Blood Tests for Foods

            There are now several types of tests for foods, and often they are quite inexpensive.  As I mentioned in the discussion of food allergy, there are different kinds of food allergy.  The relationship of food allergy to other antibodies circulating in the bloodstream is less clear than the relationship to IgE.  Most blood tests offered today look at specific antibodies circulating in the bloodstream that the body has produced in association with foods.  These are primarily IgG antibodies, although most popular tests analyze both the IgE and IgG antibodies related to specific foods.  The analysis is quantitative, and the levels of antibody are usually classified from 0 (no antibody) to 4+ (a lot). Analysis of both IgE and IgG antibodies to each food tested “covers more ground”.

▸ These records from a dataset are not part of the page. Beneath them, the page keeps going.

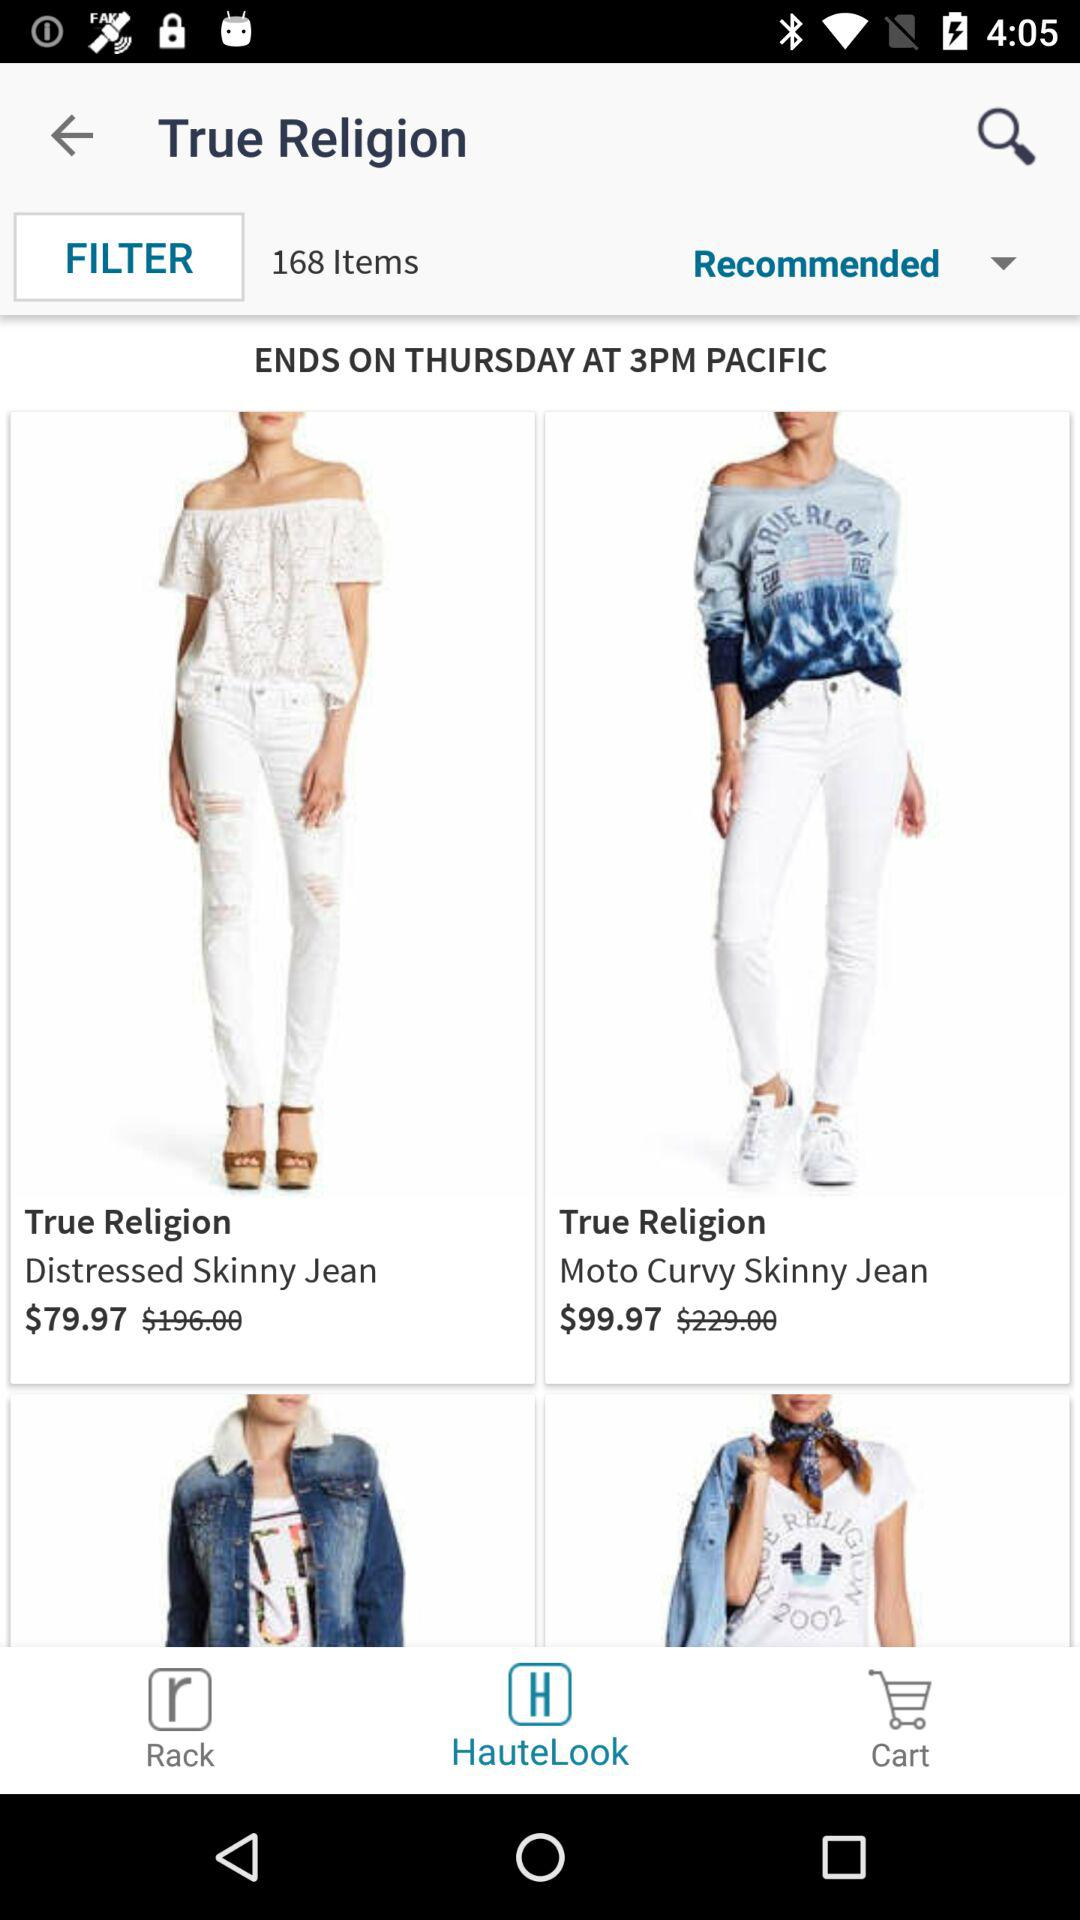What is the recommended number of items? There are 168 recommended items. 
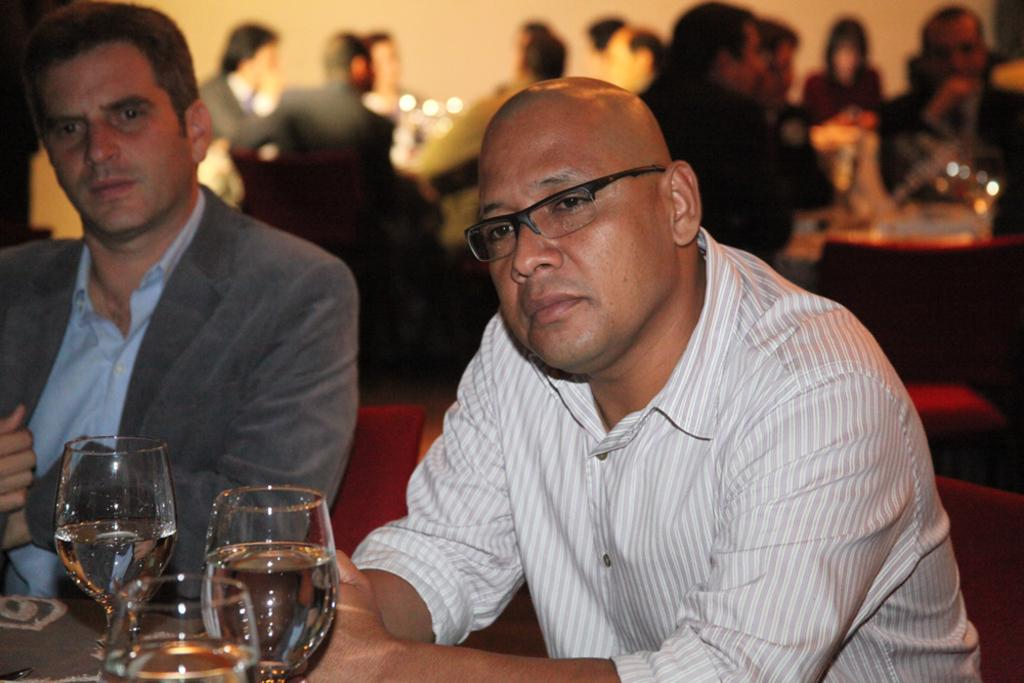How many people are sitting in the image? There are two persons sitting in the image. What is in front of the two persons? There is a table in front of the two persons. What can be seen on the table? There are glasses on the table. Can you describe the people sitting in the background of the image? There are people sitting in the background of the image. What type of mask is the person wearing in the image? There is no person wearing a mask in the image. Is the image a scene from a fictional story? The image does not provide any information about it being a scene from a fictional story. 
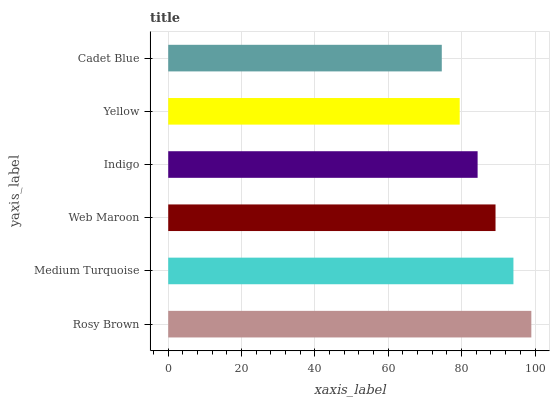Is Cadet Blue the minimum?
Answer yes or no. Yes. Is Rosy Brown the maximum?
Answer yes or no. Yes. Is Medium Turquoise the minimum?
Answer yes or no. No. Is Medium Turquoise the maximum?
Answer yes or no. No. Is Rosy Brown greater than Medium Turquoise?
Answer yes or no. Yes. Is Medium Turquoise less than Rosy Brown?
Answer yes or no. Yes. Is Medium Turquoise greater than Rosy Brown?
Answer yes or no. No. Is Rosy Brown less than Medium Turquoise?
Answer yes or no. No. Is Web Maroon the high median?
Answer yes or no. Yes. Is Indigo the low median?
Answer yes or no. Yes. Is Cadet Blue the high median?
Answer yes or no. No. Is Yellow the low median?
Answer yes or no. No. 
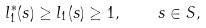<formula> <loc_0><loc_0><loc_500><loc_500>l ^ { * } _ { 1 } ( s ) \geq l _ { 1 } ( s ) \geq 1 , \quad s \in S ,</formula> 
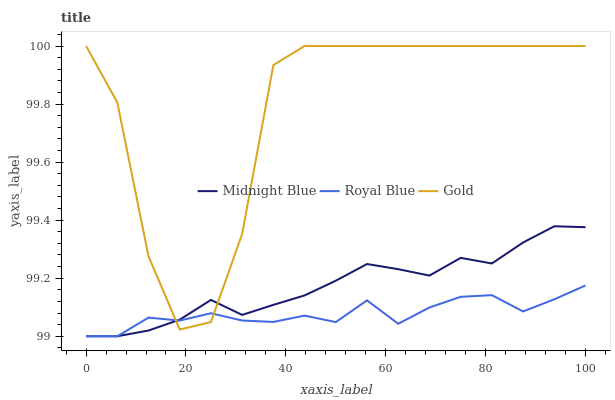Does Royal Blue have the minimum area under the curve?
Answer yes or no. Yes. Does Gold have the maximum area under the curve?
Answer yes or no. Yes. Does Midnight Blue have the minimum area under the curve?
Answer yes or no. No. Does Midnight Blue have the maximum area under the curve?
Answer yes or no. No. Is Midnight Blue the smoothest?
Answer yes or no. Yes. Is Gold the roughest?
Answer yes or no. Yes. Is Gold the smoothest?
Answer yes or no. No. Is Midnight Blue the roughest?
Answer yes or no. No. Does Royal Blue have the lowest value?
Answer yes or no. Yes. Does Gold have the lowest value?
Answer yes or no. No. Does Gold have the highest value?
Answer yes or no. Yes. Does Midnight Blue have the highest value?
Answer yes or no. No. Does Gold intersect Midnight Blue?
Answer yes or no. Yes. Is Gold less than Midnight Blue?
Answer yes or no. No. Is Gold greater than Midnight Blue?
Answer yes or no. No. 
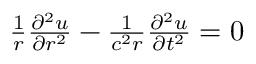<formula> <loc_0><loc_0><loc_500><loc_500>\begin{array} { r } { \frac { 1 } { r } \frac { \partial ^ { 2 } u } { \partial r ^ { 2 } } - \frac { 1 } { c ^ { 2 } r } \frac { \partial ^ { 2 } u } { \partial t ^ { 2 } } = 0 } \end{array}</formula> 
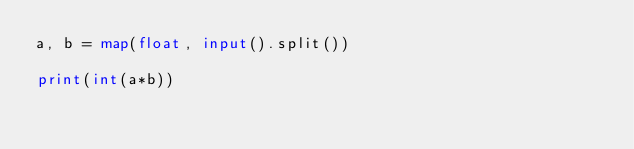<code> <loc_0><loc_0><loc_500><loc_500><_Python_>a, b = map(float, input().split())

            There is an inborn problem with these types of tests.  It is clear that we can produce antibodies to just about everything, and the more commonly we are exposed to things – whether we are allergic to them or not – the more likely we will produce antibodies at some level.  The Big Question: how much antibody to we have to produce before we can be considered “allergic” to a substance?  A little?  A lot?

            Well, there’s the rub.  Some patients have symptoms from a food when they produce a little antibody (IgE, IgG or others) – or NO antibody, and some patients have symptoms only with a lot of antibody.  And some patients have no symptoms yet they produce a LOT of antibodies to a food.  So you run the analysis, but who’s who?

            Most companies who offer these tests advise patients and physicians that patients should eliminate any foods to which they test positive (how positive varies with testing services) for some period of time, evaluate their symptoms, reintroduce the eliminated foods and try to determine whether the foods bother them in any way.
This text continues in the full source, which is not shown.